Unnamed: 0_level_0,count
activity,Unnamed: 1_level_1
Farming,72955
General Store,64729
Personal Housing Expenses,32448
Food Production/Sales,28106
Agriculture,27023


Conclusion: Farming has the highest number of funded loans, followed by General Store.

**What is the most common use of loans among borrowers?**



In [112]:
#Calculate the number of loans per use and sort in descending order
loans_by_use_count = loans['use'].value_counts()

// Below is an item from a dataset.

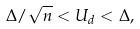Convert formula to latex. <formula><loc_0><loc_0><loc_500><loc_500>\Delta / \sqrt { n } < U _ { d } < \Delta ,</formula>

#Display the top 5 uses by loan count
display(loans_by_use_count.head())

Unnamed: 0_level_0,count
use,Unnamed: 1_level_1
to buy a water filter to provide safe drinking water for their family.,5217
to buy a water filter to provide safe drinking water for her family.,4082
To buy a water filter to provide safe drinking water for their family.,2141
to build a sanitary toilet for her family.,1708
to build a sanitary toilet for her family,1599


Conclusion: Most popular use of loan is to buy a water filter to provide safe drinking water for their family.

**Which country received the most loan funding?**

In [113]:
countries_funded_amount_usd = loans.groupby('country')['funded_amount_usd'].mean().sort_values(ascending = False)
display(countries_funded_amount_usd.head())

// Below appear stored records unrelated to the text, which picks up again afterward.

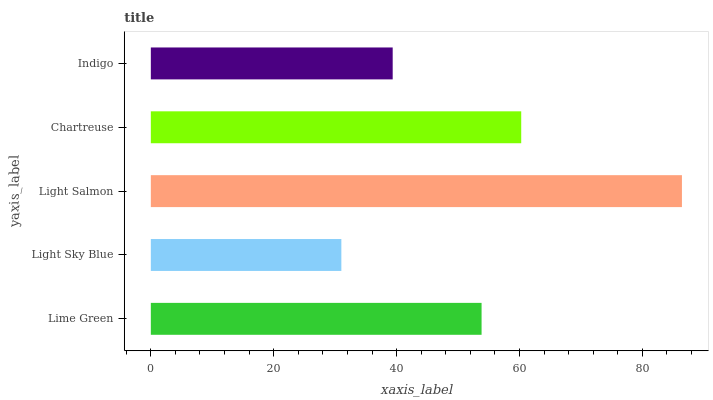Is Light Sky Blue the minimum?
Answer yes or no. Yes. Is Light Salmon the maximum?
Answer yes or no. Yes. Is Light Salmon the minimum?
Answer yes or no. No. Is Light Sky Blue the maximum?
Answer yes or no. No. Is Light Salmon greater than Light Sky Blue?
Answer yes or no. Yes. Is Light Sky Blue less than Light Salmon?
Answer yes or no. Yes. Is Light Sky Blue greater than Light Salmon?
Answer yes or no. No. Is Light Salmon less than Light Sky Blue?
Answer yes or no. No. Is Lime Green the high median?
Answer yes or no. Yes. Is Lime Green the low median?
Answer yes or no. Yes. Is Light Salmon the high median?
Answer yes or no. No. Is Light Salmon the low median?
Answer yes or no. No. 
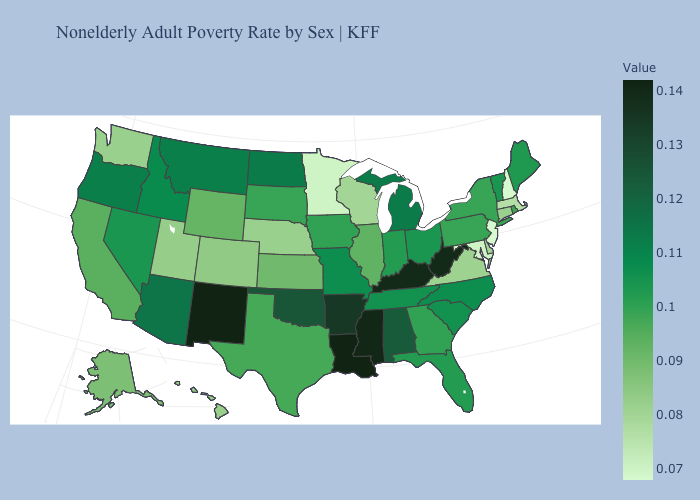Among the states that border Oregon , which have the lowest value?
Give a very brief answer. Washington. Does Virginia have a higher value than Kentucky?
Quick response, please. No. Is the legend a continuous bar?
Concise answer only. Yes. Which states have the lowest value in the USA?
Short answer required. New Hampshire, New Jersey. Is the legend a continuous bar?
Keep it brief. Yes. Among the states that border Wisconsin , which have the highest value?
Quick response, please. Michigan. Among the states that border Oklahoma , does New Mexico have the highest value?
Be succinct. Yes.

Unnamed: 0_level_0,funded_amount_usd
country,Unnamed: 1_level_1
Cote D'Ivoire,50000.0
Mauritania,15000.0
Bhutan,7812.5
Afghanistan,7000.0
Puerto Rico,4409.191176


Conclusion: Cote D'Ivoire is more loan funded, followed by Mauritania, showing that countries with higher costs of living or developing financial sectors often receive larger loan amounts.

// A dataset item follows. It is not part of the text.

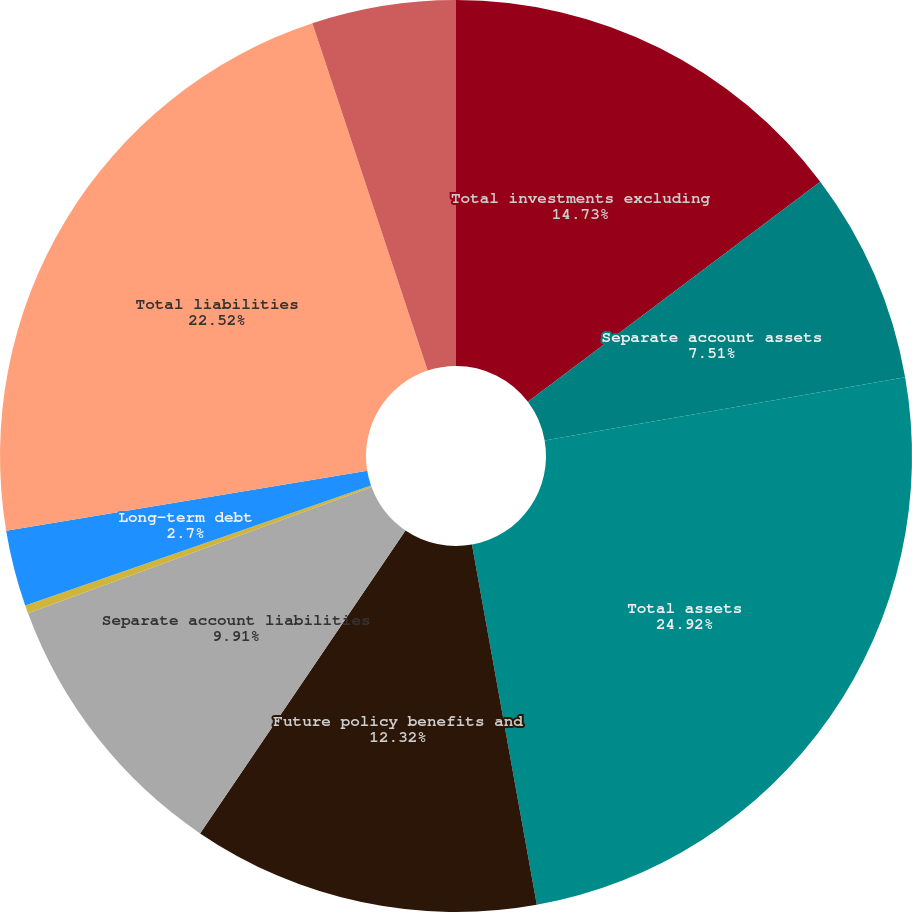Convert chart to OTSL. <chart><loc_0><loc_0><loc_500><loc_500><pie_chart><fcel>Total investments excluding<fcel>Separate account assets<fcel>Total assets<fcel>Future policy benefits and<fcel>Separate account liabilities<fcel>Short-term debt<fcel>Long-term debt<fcel>Total liabilities<fcel>Stockholders' equity<nl><fcel>14.73%<fcel>7.51%<fcel>24.93%<fcel>12.32%<fcel>9.91%<fcel>0.29%<fcel>2.7%<fcel>22.52%<fcel>5.1%<nl></chart>

**Which sector received the highest loan amount?**

In [114]:
sectors_loan_amount_usd = round(loans.groupby(['sector'])['loan_amount_usd'].mean().sort_values(ascending=False))
display(sectors_loan_amount_usd.head())

Unnamed: 0_level_0,loan_amount_usd
sector,Unnamed: 1_level_1
Entertainment,1177.0
Wholesale,625.0
Education,500.0
Services,464.0
Construction,435.0


Conclusion: Entertainment sector is taking more loan, followed by Wholesale.

**Borrower Gender: Female VS Male**

In [115]:
loans['female_borrower_count']= loans.borrower_genders.apply(lambda x: str(x).split(', ').count('female'))
loans['male_borrower_count']= loans.borrower_genders.apply(lambda x: str(x).split(', ').count('male'))

In [116]:
borrowers_percent = dict()
borrowers_percent['female'] = 100*loans['female_borrower_count'].sum()/(loans['female_borrower_count'].sum() + loans['male_borrower_count'].sum())
borrowers_percent['male'] = 100*loans['male_borrower_count'].sum()/(loans['female_borrower_count'].sum() + loans['male_borrower_count'].sum())
print('Female borrowers percentage: {:.2f} %'.format(borrowers_percent['female']))
print('Male borrowers percentage: {:.2f} %'.format(borrowers_percent['male']))

Female borrowers percentage: 79.58 %
Male borrowers percentage: 20.42 %


Conclusion: Approximately 80% borrower are Female and approximately 20% borrowers are Male.